# Work required
From the first line of the material through the line that holds "Answer: The Impact", repeat each line exactly and skip any picture.

○ ○ ○ ○ ○

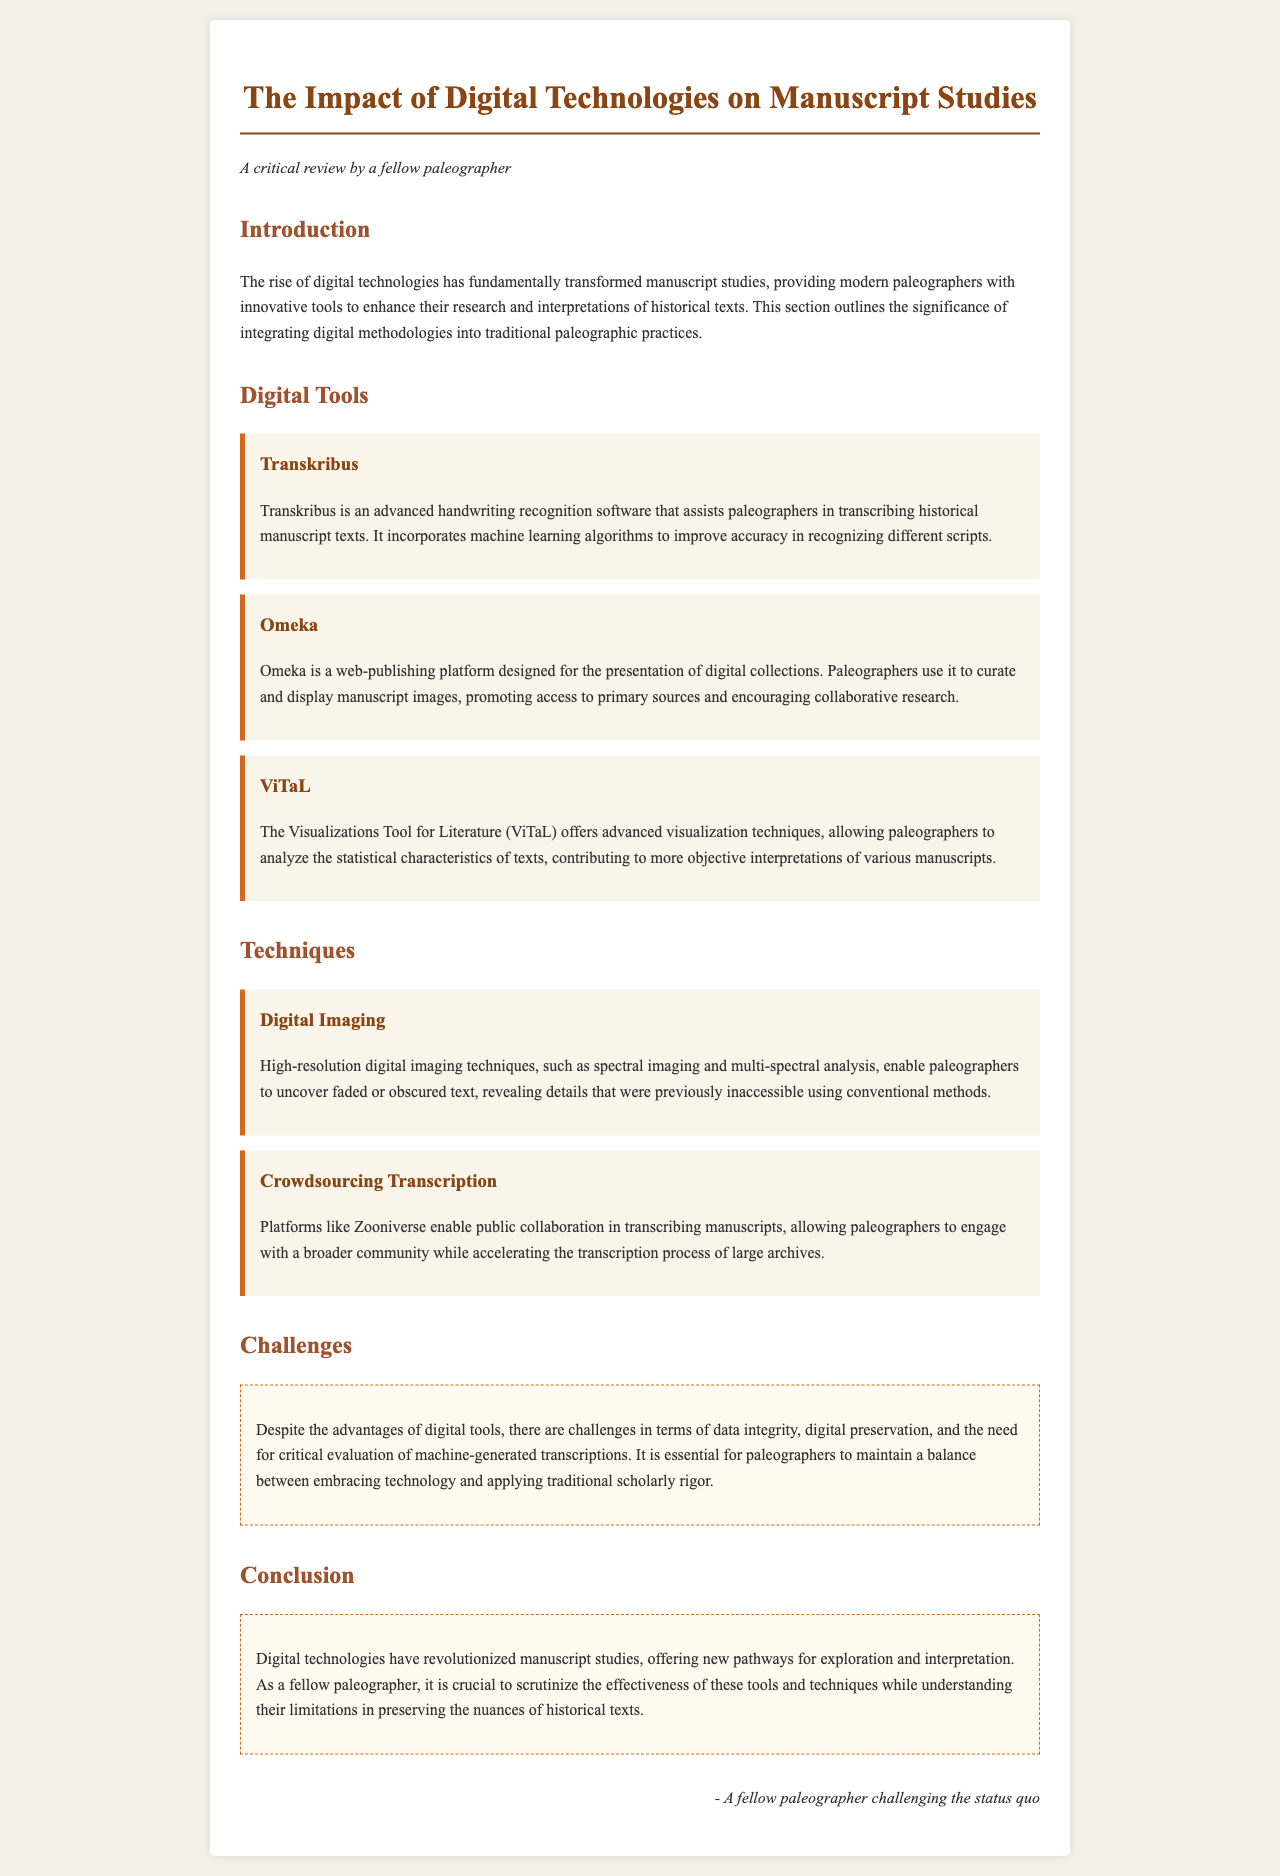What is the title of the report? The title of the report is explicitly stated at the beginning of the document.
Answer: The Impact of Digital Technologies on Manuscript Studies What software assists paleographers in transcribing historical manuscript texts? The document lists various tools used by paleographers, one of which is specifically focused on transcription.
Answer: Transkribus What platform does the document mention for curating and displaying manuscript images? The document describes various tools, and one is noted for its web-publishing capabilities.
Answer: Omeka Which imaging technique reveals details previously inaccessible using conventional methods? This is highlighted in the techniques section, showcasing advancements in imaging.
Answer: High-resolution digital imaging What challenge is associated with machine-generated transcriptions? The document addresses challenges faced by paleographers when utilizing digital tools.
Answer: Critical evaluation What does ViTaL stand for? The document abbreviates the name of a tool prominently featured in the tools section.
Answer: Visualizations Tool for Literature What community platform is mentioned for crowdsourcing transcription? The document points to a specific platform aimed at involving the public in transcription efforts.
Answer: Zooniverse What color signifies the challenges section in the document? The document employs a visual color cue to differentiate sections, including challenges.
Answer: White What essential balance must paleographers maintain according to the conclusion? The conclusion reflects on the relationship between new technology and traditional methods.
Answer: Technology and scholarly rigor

○ ○ ○ ○ ○

# Answer space
What is the title of the report? The title of the report is explicitly stated at the beginning of the document.
Answer: The Impact of Digital Technologies on Manuscript Studies What software assists paleographers in transcribing historical manuscript texts? The document lists various tools used by paleographers, one of which is specifically focused on transcription.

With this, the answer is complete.